Do you think Capital One would let me put the Tub Girl picture on my Capital One card?
Beat you to it.
the vacuum is drunk
what?
i spilled my drink and tried to vacuum it and now the vacuum is drunk
I'm in that akward stage between jailbait and cougar
I owe all of my success to double stuf oreos and weed.
i have to start hiding my credit card when i drink i woke up this morning with 4 emails from Farmville telling me i spent over $800 on coins last night
I'm full of awesome ideas
Yesss you are. Im full of confusion. I keep finding peanut butter on my legs...
you were saying "i am the vodka queen!" and then in a different voice replying to yourself "all hail the vodka queen! you are so beautiful!"

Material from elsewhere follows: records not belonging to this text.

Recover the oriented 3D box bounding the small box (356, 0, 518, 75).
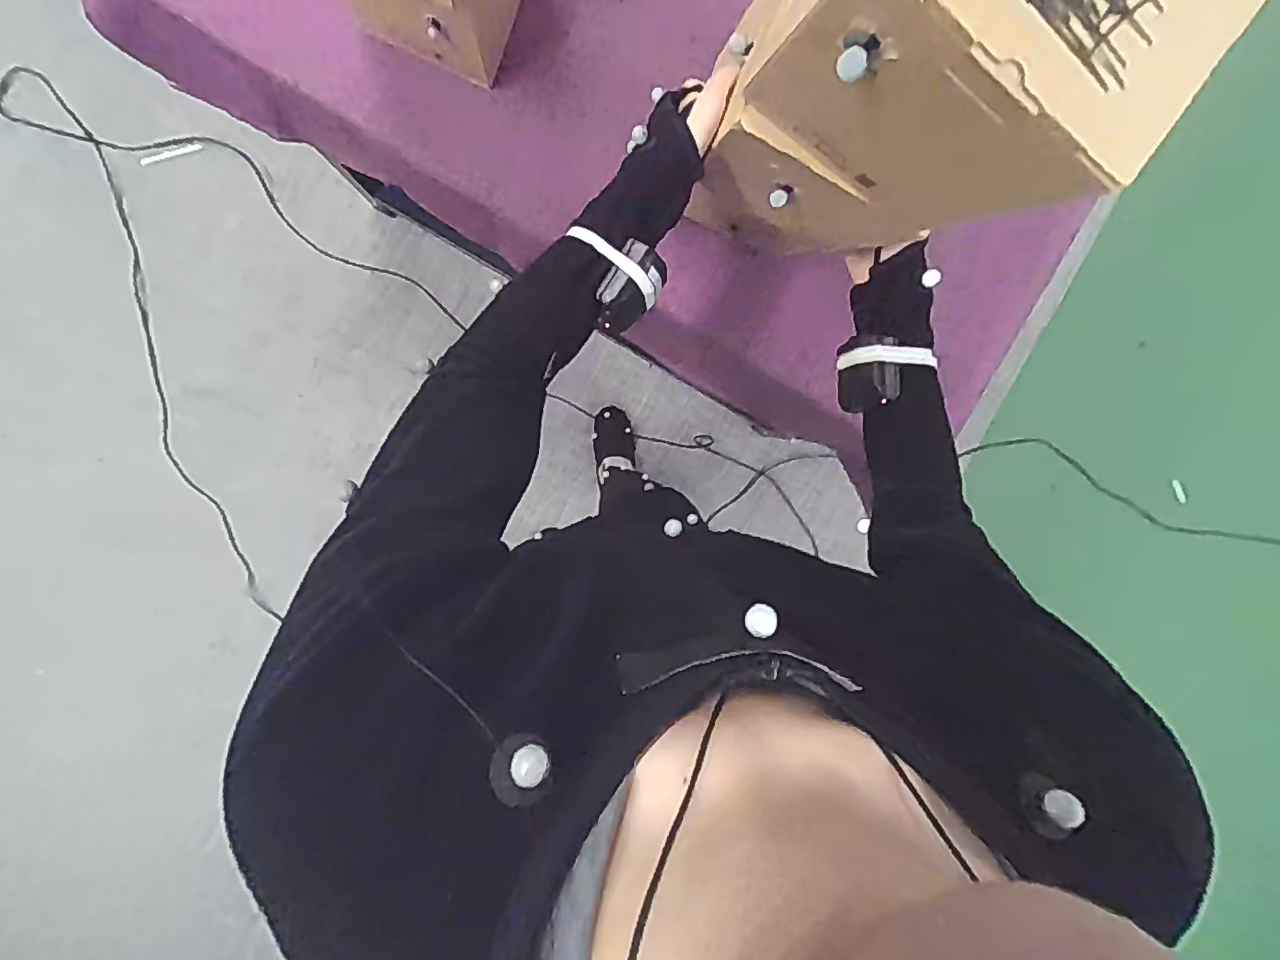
[{"bbox_3d":[-0.222,-0.590,0.575,0.168,0.176,0.179,22,94,-9],"label":"small box"}]

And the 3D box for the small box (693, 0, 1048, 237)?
[{"bbox_3d":[0.163,-0.321,0.449,0.179,0.176,0.168,22,105,-14],"label":"small box"}]

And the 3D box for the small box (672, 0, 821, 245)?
[{"bbox_3d":[0.147,-0.383,0.600,0.168,0.176,0.179,19,105,-13],"label":"small box"}]
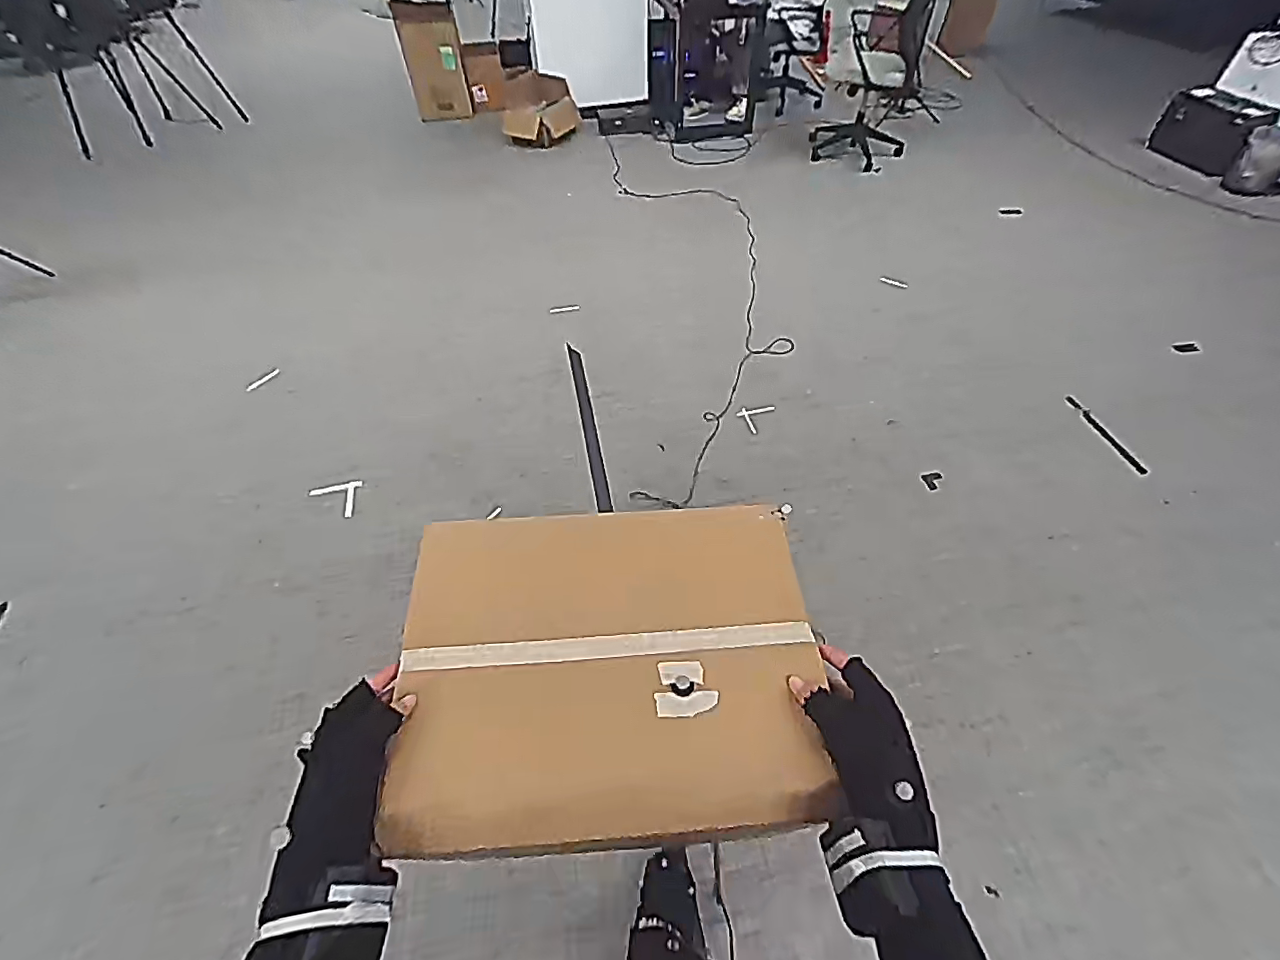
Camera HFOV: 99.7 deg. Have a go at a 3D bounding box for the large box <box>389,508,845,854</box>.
[{"bbox_3d":[-0.030,0.254,0.669,0.408,0.320,0.320,-2,54,-3],"label":"large box"}]

i just woke up reverse cowgirl on my couch. fully clothed. my laptop is on the floor sideways. blasting gay porn and lady gaga. pizza crust everywhere. goodmorning.
Woaahhhh there! We are JUST drunk fucking. Don't call me "baby".
It was like being fucked by the god of thunder, he gained power from the storm. I took a Plan B because I don't think regular birth control will stop Thor's sperm.
I feel like the universe head butted me in my balls. That hungover.
.... My lady balls. Cuz I'm a lady.
It's a long story, but I accidentally peed on my dog. I'll tell you about it tomorrow, and we shall never tell my wife.
Will u lay on an air mattress with me and drink vodka while we listen to Rick James?
and i walked downstairs to find my brother using nunchucks, and making the appropriate noises. i simply asked "why"; his reply? "why the fuck do you think?". i love my family.
Is it bad that I'm not at all bothered by the fact that to some people I'm simply known as the girl that takes her shirt off?